Greater Montréal’s high concentration of scientists and specialized training centres make the region one of North America’s premier nanotechnology hubs. These emerging technologies can provide a net competitive advantage to businesses involved in microsystems and advanced materials. This fast-growing sector is of strategic importance to Greater Montréal as its core industries comprise aerospace, life sciences and health technology, information technology and clean technology.

At a Glance

  • $400 million in cutting-edge equipment
  • 32 research chairs
  • 225 specialized researchers
  • The presence of recognized industry leaders, including : Rio Tinto Alcan, CelluForce, Dassault Systèmes, Novartis, MPB, Pratt & Whitney, Teledyne Dalsa, Xerox, and Hydro Québec

Top Six Reasons to Choose Greater Montréal

1. Proximity to Demand-Generating Sectors

Aerospace, life sciences and health technologies, and information and communications technologies (ICT) are the three mainstays of the Montréal region’s economy. They are also the biggest potential users of nanotechnology. Setting up operations in the region is thus a particularly strategic move.
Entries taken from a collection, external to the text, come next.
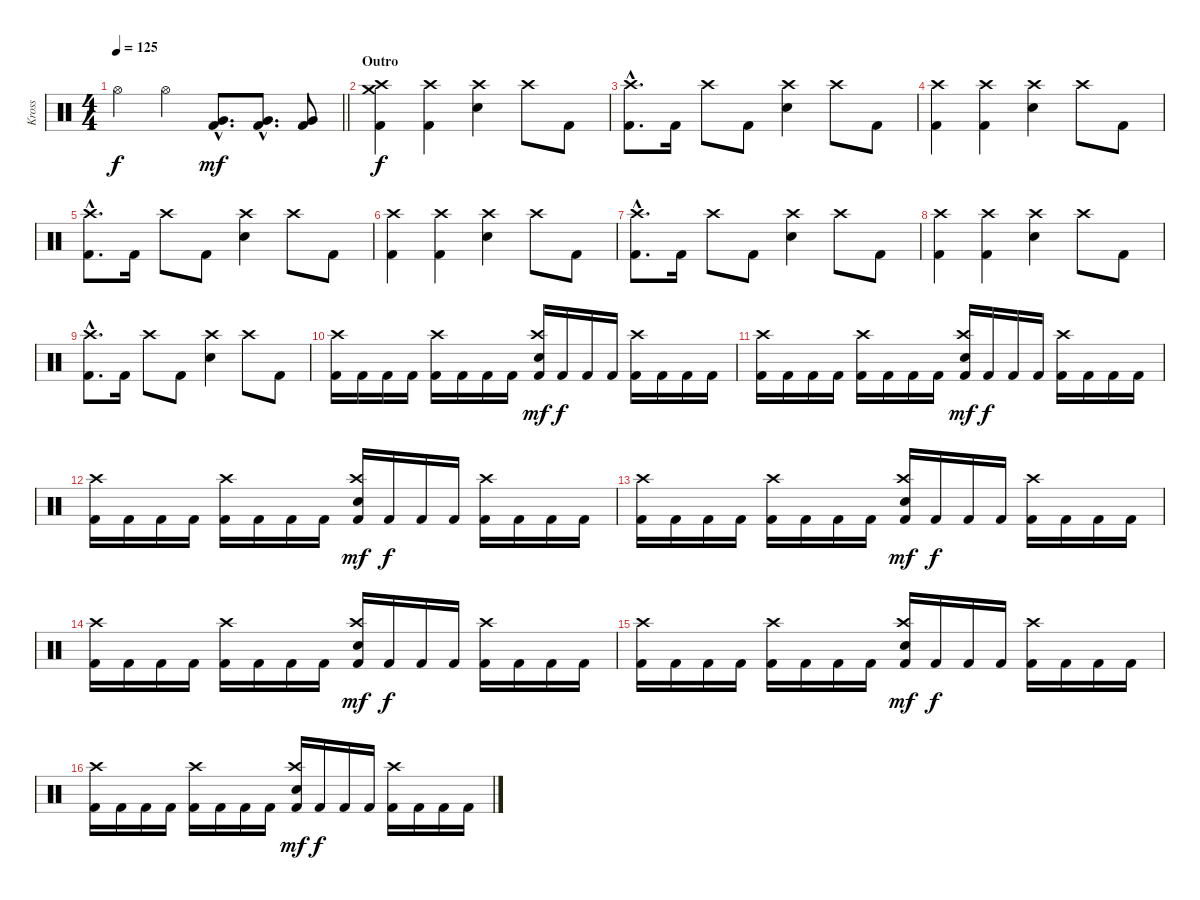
\track ("Kross" "Kross") {instrument percussion}
\staff {score}
\articulation defaults
\ts (4 4)
\tempo 125
\clef neutral
\barLineRight lightlight
\ks c "Hi-Hat (open)".4{dy f} "Hi-Hat (open)".4
("Very Low Tom (hit)"{hac} "Kick (hit) 2"{hac}).8{d dy mf} ("Very Low Tom (hit)"{hac} "Kick (hit) 2"{hac}).8{d} ("Very Low Tom (hit)" "Kick (hit) 2").8 |
\section ("" "Outro")
("Crash high (hit)" "Crash medium (hit)" "Kick (hit) 2").4{dy f} ("Crash high (hit)" "Kick (hit) 2").4 ("Crash high (hit)" "Snare (hit) 2").4 "Crash high (hit)".8 "Kick (hit) 2".8 |
("Crash high (hit)"{hac} "Kick (hit) 2"{hac}).8{d} "Kick (hit) 2".16 "Crash high (hit)".8 "Kick (hit) 2".8 ("Crash high (hit)" "Snare (hit) 2").4 "Crash high (hit)".8 "Kick (hit) 2".8 |
("Crash high (hit)" "Kick (hit) 2").4 ("Crash high (hit)" "Kick (hit) 2").4 ("Crash high (hit)" "Snare (hit) 2").4 "Crash high (hit)".8 "Kick (hit) 2".8 |
("Crash high (hit)"{hac} "Kick (hit) 2"{hac}).8{d} "Kick (hit) 2".16 "Crash high (hit)".8 "Kick (hit) 2".8 ("Crash high (hit)" "Snare (hit) 2").4 "Crash high (hit)".8 "Kick (hit) 2".8 |
("Crash high (hit)" "Kick (hit) 2").4 ("Crash high (hit)" "Kick (hit) 2").4 ("Crash high (hit)" "Snare (hit) 2").4 "Crash high (hit)".8 "Kick (hit) 2".8 |
("Crash high (hit)"{hac} "Kick (hit) 2"{hac}).8{d} "Kick (hit) 2".16 "Crash high (hit)".8 "Kick (hit) 2".8 ("Crash high (hit)" "Snare (hit) 2").4 "Crash high (hit)".8 "Kick (hit) 2".8 |
("Crash high (hit)" "Kick (hit) 2").4 ("Crash high (hit)" "Kick (hit) 2").4 ("Crash high (hit)" "Snare (hit) 2").4 "Crash high (hit)".8 "Kick (hit) 2".8 |
("Crash high (hit)"{hac} "Kick (hit) 2"{hac}).8{d} "Kick (hit) 2".16 "Crash high (hit)".8 "Kick (hit) 2".8 ("Crash high (hit)" "Snare (hit) 2").4 "Crash high (hit)".8 "Kick (hit) 2".8 |
("Crash high (hit)" "Kick (hit) 2").16 "Kick (hit) 2".16 "Kick (hit) 2".16 "Kick (hit) 2".16 ("Crash high (hit)" "Kick (hit) 2").16 "Kick (hit) 2".16 "Kick (hit) 2".16 "Kick (hit) 2".16 ("Crash high (hit)" "Snare (hit) 2" "Kick (hit) 2").16{dy mf} "Kick (hit) 2".16{dy f} "Kick (hit) 2".16 "Kick (hit) 2".16 ("Crash high (hit)" "Kick (hit) 2").16 "Kick (hit) 2".16 "Kick (hit) 2".16 "Kick (hit) 2".16 |
("Crash high (hit)" "Kick (hit) 2").16 "Kick (hit) 2".16 "Kick (hit) 2".16 "Kick (hit) 2".16 ("Crash high (hit)" "Kick (hit) 2").16 "Kick (hit) 2".16 "Kick (hit) 2".16 "Kick (hit) 2".16 ("Crash high (hit)" "Snare (hit) 2" "Kick (hit) 2").16{dy mf} "Kick (hit) 2".16{dy f} "Kick (hit) 2".16 "Kick (hit) 2".16 ("Crash high (hit)" "Kick (hit) 2").16 "Kick (hit) 2".16 "Kick (hit) 2".16 "Kick (hit) 2".16 |
("Crash high (hit)" "Kick (hit) 2").16 "Kick (hit) 2".16 "Kick (hit) 2".16 "Kick (hit) 2".16 ("Crash high (hit)" "Kick (hit) 2").16 "Kick (hit) 2".16 "Kick (hit) 2".16 "Kick (hit) 2".16 ("Crash high (hit)" "Snare (hit) 2" "Kick (hit) 2").16{dy mf} "Kick (hit) 2".16{dy f} "Kick (hit) 2".16 "Kick (hit) 2".16 ("Crash high (hit)" "Kick (hit) 2").16 "Kick (hit) 2".16 "Kick (hit) 2".16 "Kick (hit) 2".16 |
("Crash high (hit)" "Kick (hit) 2").16 "Kick (hit) 2".16 "Kick (hit) 2".16 "Kick (hit) 2".16 ("Crash high (hit)" "Kick (hit) 2").16 "Kick (hit) 2".16 "Kick (hit) 2".16 "Kick (hit) 2".16 ("Crash high (hit)" "Snare (hit) 2" "Kick (hit) 2").16{dy mf} "Kick (hit) 2".16{dy f} "Kick (hit) 2".16 "Kick (hit) 2".16 ("Crash high (hit)" "Kick (hit) 2").16 "Kick (hit) 2".16 "Kick (hit) 2".16 "Kick (hit) 2".16 |
("Crash high (hit)" "Kick (hit) 2").16 "Kick (hit) 2".16 "Kick (hit) 2".16 "Kick (hit) 2".16 ("Crash high (hit)" "Kick (hit) 2").16 "Kick (hit) 2".16 "Kick (hit) 2".16 "Kick (hit) 2".16 ("Crash high (hit)" "Snare (hit) 2" "Kick (hit) 2").16{dy mf} "Kick (hit) 2".16{dy f} "Kick (hit) 2".16 "Kick (hit) 2".16 ("Crash high (hit)" "Kick (hit) 2").16 "Kick (hit) 2".16 "Kick (hit) 2".16 "Kick (hit) 2".16 |
("Crash high (hit)" "Kick (hit) 2").16 "Kick (hit) 2".16 "Kick (hit) 2".16 "Kick (hit) 2".16 ("Crash high (hit)" "Kick (hit) 2").16 "Kick (hit) 2".16 "Kick (hit) 2".16 "Kick (hit) 2".16 ("Crash high (hit)" "Snare (hit) 2" "Kick (hit) 2").16{dy mf} "Kick (hit) 2".16{dy f} "Kick (hit) 2".16 "Kick (hit) 2".16 ("Crash high (hit)" "Kick (hit) 2").16 "Kick (hit) 2".16 "Kick (hit) 2".16 "Kick (hit) 2".16 |
("Crash high (hit)" "Kick (hit) 2").16 "Kick (hit) 2".16 "Kick (hit) 2".16 "Kick (hit) 2".16 ("Crash high (hit)" "Kick (hit) 2").16 "Kick (hit) 2".16 "Kick (hit) 2".16 "Kick (hit) 2".16 ("Crash high (hit)" "Snare (hit) 2" "Kick (hit) 2").16{dy mf} "Kick (hit) 2".16{dy f} "Kick (hit) 2".16 "Kick (hit) 2".16 ("Crash high (hit)" "Kick (hit) 2").16 "Kick (hit) 2".16 "Kick (hit) 2".16 "Kick (hit) 2".16

2. College- and University-Level Nanotechnology Expertise

  • 34,000 university students enrolled in high-technology programs
  • 9,600 new graduates in high-tech sectors each year, including 7,400 university-level graduates (scientific training) and 2,200 college-level graduates (technical training)
  • 360 professors and 2,200 students with access to Québec’s nanotechnology infrastructure

3. Dynamic R&D Sector

With its 32 research chairs, 225 specialized researchers and ultramodern facilities, Greater Montréal is a world-class destination. The centres of scientific excellence most closely involved in the nanotechnology sector include:

  • Centre for Biorecognition and Biosensors (CBB)
  • McGill Centre for the Physics of Materials (CPM)
  • McGill Institute for Advanced Materials (MIAM)
  • MiQro Innovation Collaborative Centre (MIC2)
  • Concordia Centre for Composites (CONCOM)
  • Industrial Materials Institute – National Research Council Canada (IMI-NRC)

4. NanoQuébec

A non-profit organization that acts as a driving force and structuring agent that coordinates the research network and finances partnerships between businesses and research centres.

5. Generous Tax Credits and Incentives

Nanotechnology firms setting up in Greater Montréal have access to a number of federal and provincial support programs, such as:

  • Tax Credit for Scientific Research and Experimental Development
  • Financial assistance for job creation and training
  • ESSOR fund for major projects
  • Tax holiday for foreign researchers and experts

Additional assistance is also available through the NanoQuébec financial assistance program for industry–university networking programs.

6. Lowest Operating Costs in North America

Incentives combined with the low cost of labour, office and industrial space, and electricity make Greater Montréal the ideal location for setting up a business. According to KPMG (2013), Metropolitan Montréal ranks first among the 20 largest cities in North America in terms of competitive operating costs. The cost advantage is more than 10% for all sectors combined compared to the average for the other 19 major cities.